With Shaun Ross’ debut album, Shift, the world-renowned fashion model completes a metamorphosis started in 2017 with his first single. It’s no small feat to switch gears like this when you’ve been so successful at something already, but Ross is already no stranger to transformation, which is a theme in his music starting with 2018’s “Chrysalis” and running throughout Shift.
“I think everybody should experience a different career path,” Ross said in a call, expressing that after the world puts us in a certain place where we fit, we can easily get stuck in that. “I just wanted to try something different, something that I resonated with—and I also love music.”

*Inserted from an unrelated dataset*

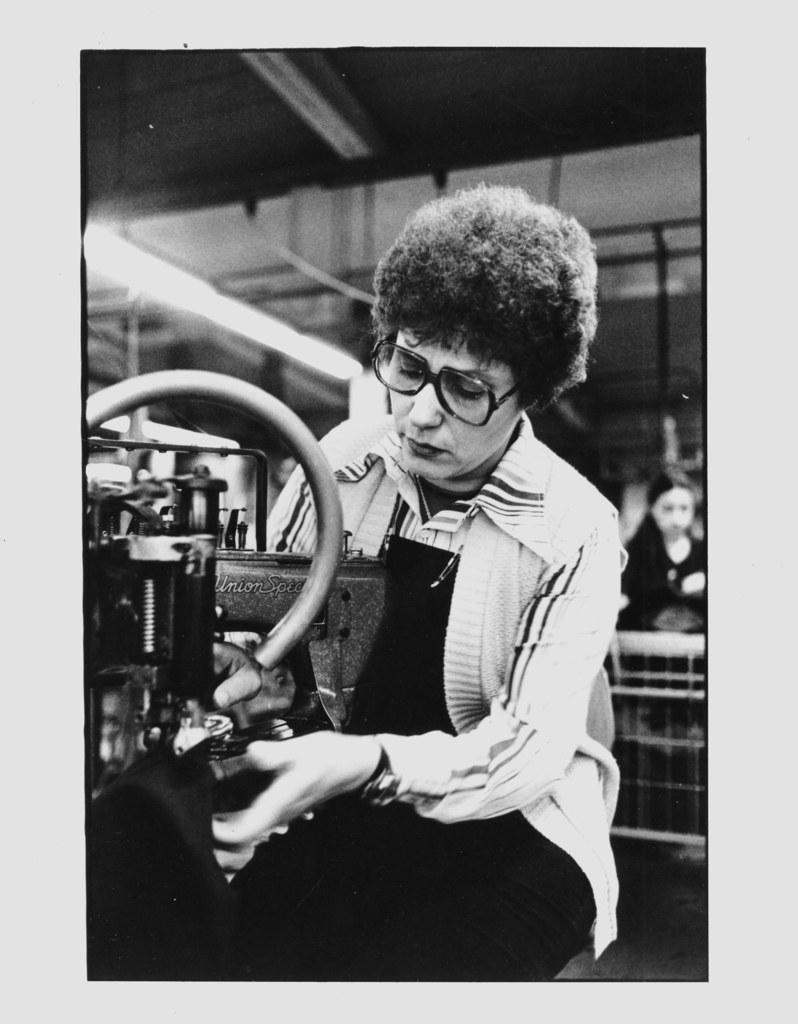What is the woman in the image doing? The woman is sitting in the image. What is the woman wearing? The woman is wearing clothes and spectacles. What can be seen in the background of the image? There is a machine and another woman behind the sitting woman. What is the source of illumination in the image? There is a light in the image. What surface is the woman sitting on? There is a floor in the image. What type of lumber is the queen using to build a castle in the image? There is no queen or lumber present in the image; it features a woman sitting with a machine and another woman in the background.

While Ross’ obsession with music goes back to childhood, it was around five years ago that he began seriously dabbling in making it himself. By that point he’d already appeared in music videos by Beyoncé (“Pretty Hurts”), Katy Perry (“ET”) and Lana Del Rey (“Tropico”).
Created with producers and musical collaborators Michael Tritter and Carlos Chairez, and guests like Rush Davis, Shift charts an eclectic course through R&B and soul with electronic and pop textures, ranging from shimmering to avant-garde experimentation.

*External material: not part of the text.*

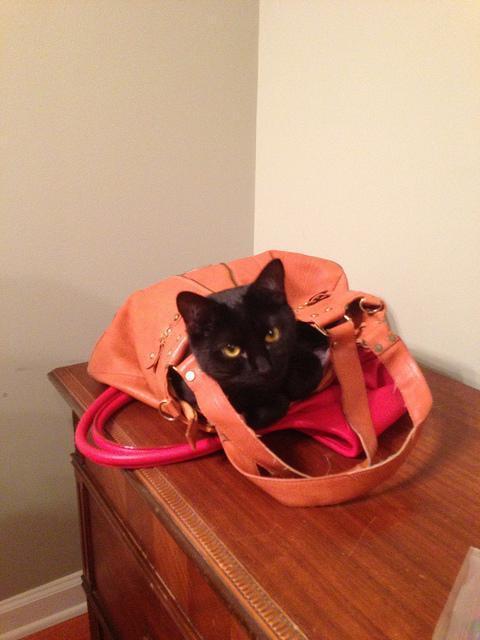How many handbags?
Give a very brief answer. 2.

“Michael Tritter and Carlos; one thing I love about them is that they’re also old-school and they come from that world of electronic experimental-ness,” Ross said. “They’re like these cyber funk mavericks. They’re just so dope. When you find someone who understands your sound and understands what you’re trying to do, it just works so well.”
While it offers accessible entry points like the pop stars with whom Shaun Ross has appeared in videos, on the whole it puts him—as a musician—closer to the company of adventurous and genre-bending artists like Janelle Monae, Thundercat and Blood Orange, whose idiosyncratic creations draw freely from the sounds of the late 20th century, even as they look forward into the third decade of the 21st.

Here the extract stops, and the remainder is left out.